◆ Provided entries
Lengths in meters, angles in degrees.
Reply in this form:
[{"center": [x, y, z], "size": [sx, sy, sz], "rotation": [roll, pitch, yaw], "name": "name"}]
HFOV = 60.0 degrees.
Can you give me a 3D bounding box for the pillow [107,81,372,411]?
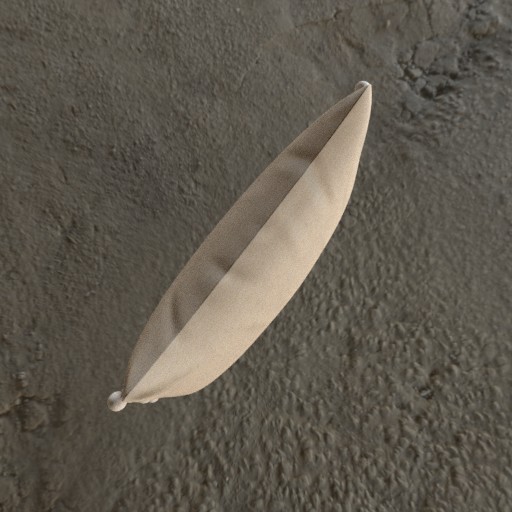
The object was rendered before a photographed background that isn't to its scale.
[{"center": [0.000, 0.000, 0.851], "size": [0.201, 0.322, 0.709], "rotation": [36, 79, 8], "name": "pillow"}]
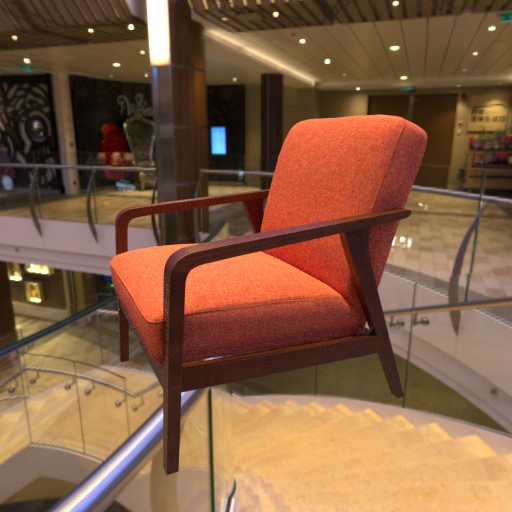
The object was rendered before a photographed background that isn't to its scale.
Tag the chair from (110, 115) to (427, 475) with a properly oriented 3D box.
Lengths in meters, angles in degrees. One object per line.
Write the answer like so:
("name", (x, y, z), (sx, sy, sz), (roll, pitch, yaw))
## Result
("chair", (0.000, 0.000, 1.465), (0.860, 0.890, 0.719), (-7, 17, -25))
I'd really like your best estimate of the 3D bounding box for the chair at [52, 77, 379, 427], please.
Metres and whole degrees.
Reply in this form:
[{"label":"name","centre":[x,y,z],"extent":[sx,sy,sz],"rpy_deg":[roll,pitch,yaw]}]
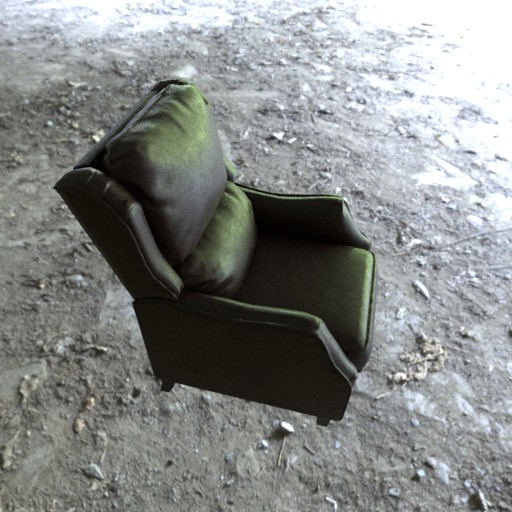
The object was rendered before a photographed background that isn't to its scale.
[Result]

--

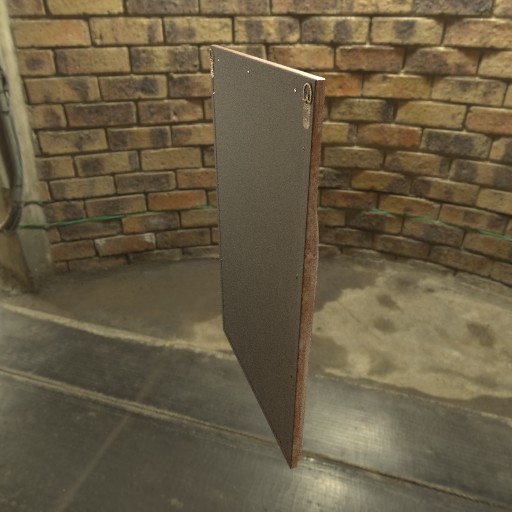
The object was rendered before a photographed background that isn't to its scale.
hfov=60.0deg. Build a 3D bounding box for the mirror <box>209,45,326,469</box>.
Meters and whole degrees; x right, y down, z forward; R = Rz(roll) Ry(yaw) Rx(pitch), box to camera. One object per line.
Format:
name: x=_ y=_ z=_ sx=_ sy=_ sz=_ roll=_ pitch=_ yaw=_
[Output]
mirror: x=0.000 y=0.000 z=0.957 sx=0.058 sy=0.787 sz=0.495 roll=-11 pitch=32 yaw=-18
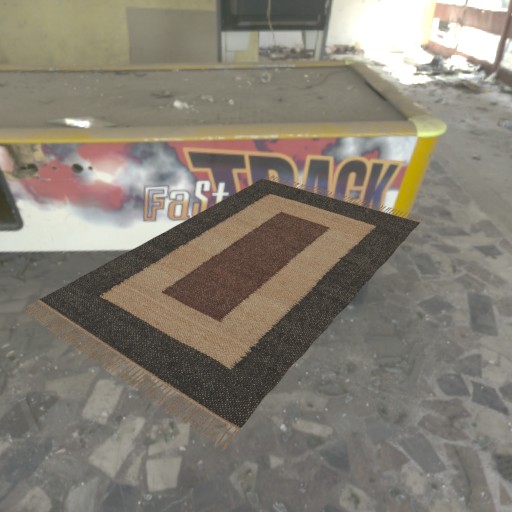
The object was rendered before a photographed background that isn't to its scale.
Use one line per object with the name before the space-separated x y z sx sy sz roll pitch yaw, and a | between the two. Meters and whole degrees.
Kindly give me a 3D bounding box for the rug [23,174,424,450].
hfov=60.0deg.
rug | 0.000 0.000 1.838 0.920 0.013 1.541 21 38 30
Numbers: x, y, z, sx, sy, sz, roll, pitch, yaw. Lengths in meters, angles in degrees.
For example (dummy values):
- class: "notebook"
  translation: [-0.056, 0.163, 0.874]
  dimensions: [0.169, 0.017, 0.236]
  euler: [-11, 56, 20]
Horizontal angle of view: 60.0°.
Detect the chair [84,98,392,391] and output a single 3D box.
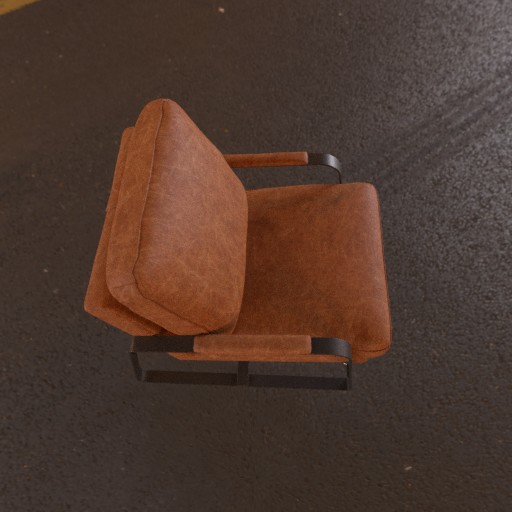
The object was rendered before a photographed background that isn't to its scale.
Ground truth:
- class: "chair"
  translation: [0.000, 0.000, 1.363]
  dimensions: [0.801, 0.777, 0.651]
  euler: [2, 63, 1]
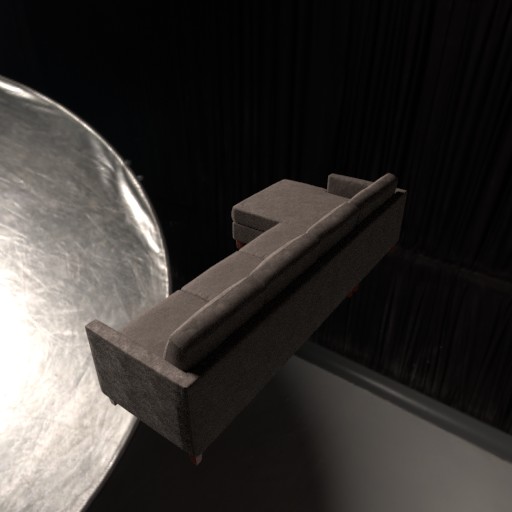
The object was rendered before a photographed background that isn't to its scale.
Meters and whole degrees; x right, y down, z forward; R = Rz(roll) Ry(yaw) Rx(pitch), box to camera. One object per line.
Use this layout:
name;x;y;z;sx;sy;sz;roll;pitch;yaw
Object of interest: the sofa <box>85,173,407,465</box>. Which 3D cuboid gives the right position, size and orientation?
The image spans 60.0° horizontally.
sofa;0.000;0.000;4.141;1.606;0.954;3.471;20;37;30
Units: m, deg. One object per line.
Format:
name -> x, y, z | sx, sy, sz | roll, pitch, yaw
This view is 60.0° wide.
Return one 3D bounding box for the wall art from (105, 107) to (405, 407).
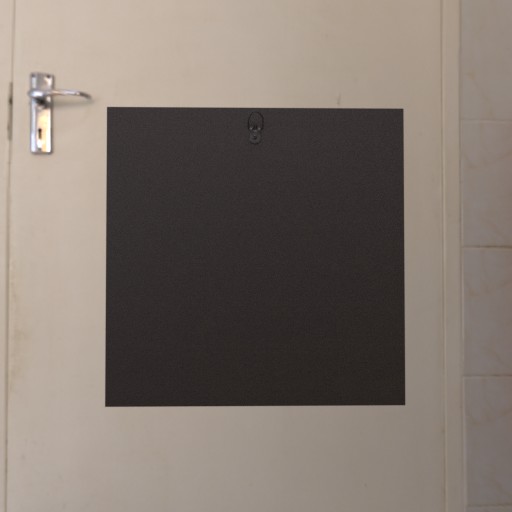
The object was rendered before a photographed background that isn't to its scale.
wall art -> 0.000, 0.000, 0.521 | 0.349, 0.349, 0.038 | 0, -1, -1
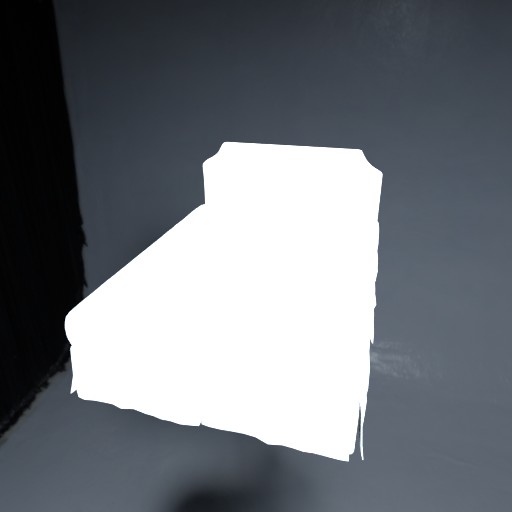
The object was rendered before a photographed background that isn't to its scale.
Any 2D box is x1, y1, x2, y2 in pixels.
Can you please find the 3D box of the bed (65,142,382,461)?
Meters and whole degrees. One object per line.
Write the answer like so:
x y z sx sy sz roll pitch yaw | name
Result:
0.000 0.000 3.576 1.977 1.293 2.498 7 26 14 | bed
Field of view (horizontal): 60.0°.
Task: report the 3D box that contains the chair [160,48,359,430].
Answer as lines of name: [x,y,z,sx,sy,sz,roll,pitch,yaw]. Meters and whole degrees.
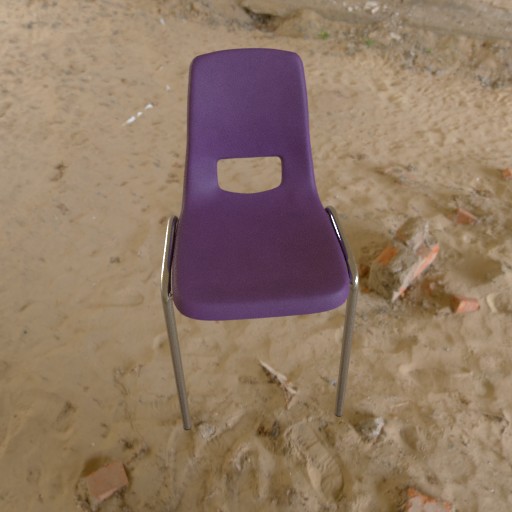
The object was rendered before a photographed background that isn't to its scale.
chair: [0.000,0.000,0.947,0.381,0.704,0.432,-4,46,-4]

◆ What this task involves
Between and including the line with "name -> x, y, z" and the line with "Answer as lines", repeat every line exactly as it appears above, with pictures left out.

◆ Answer to this problem
name -> x, y, z | sx, sy, sz | roll, pitch, yaw
This view is 60.0° wide.
Return one 3D bounding box for the wall art from (105, 107) to (405, 407).
The object was rendered before a photographed background that isn't to its scale.
wall art -> 0.000, 0.000, 0.521 | 0.349, 0.349, 0.038 | 0, -1, -1
The object was rendered before a photographed background that isn't to its scale.
Any 2D box is x1, y1, x2, y2 in pixels.
Can you please find the 3D box of the bed (65,142,382,461)?
Meters and whole degrees. One object per line.
Write the answer like so:
x y z sx sy sz roll pitch yaw | name
Result:
0.000 0.000 3.576 1.977 1.293 2.498 7 26 14 | bed
Field of view (horizontal): 60.0°.
Task: report the 3D box that contains the chair [160,48,359,430].
Answer as lines of name: [x,y,z,sx,sy,sz,roll,pitch,yaw]. Meters and whole degrees.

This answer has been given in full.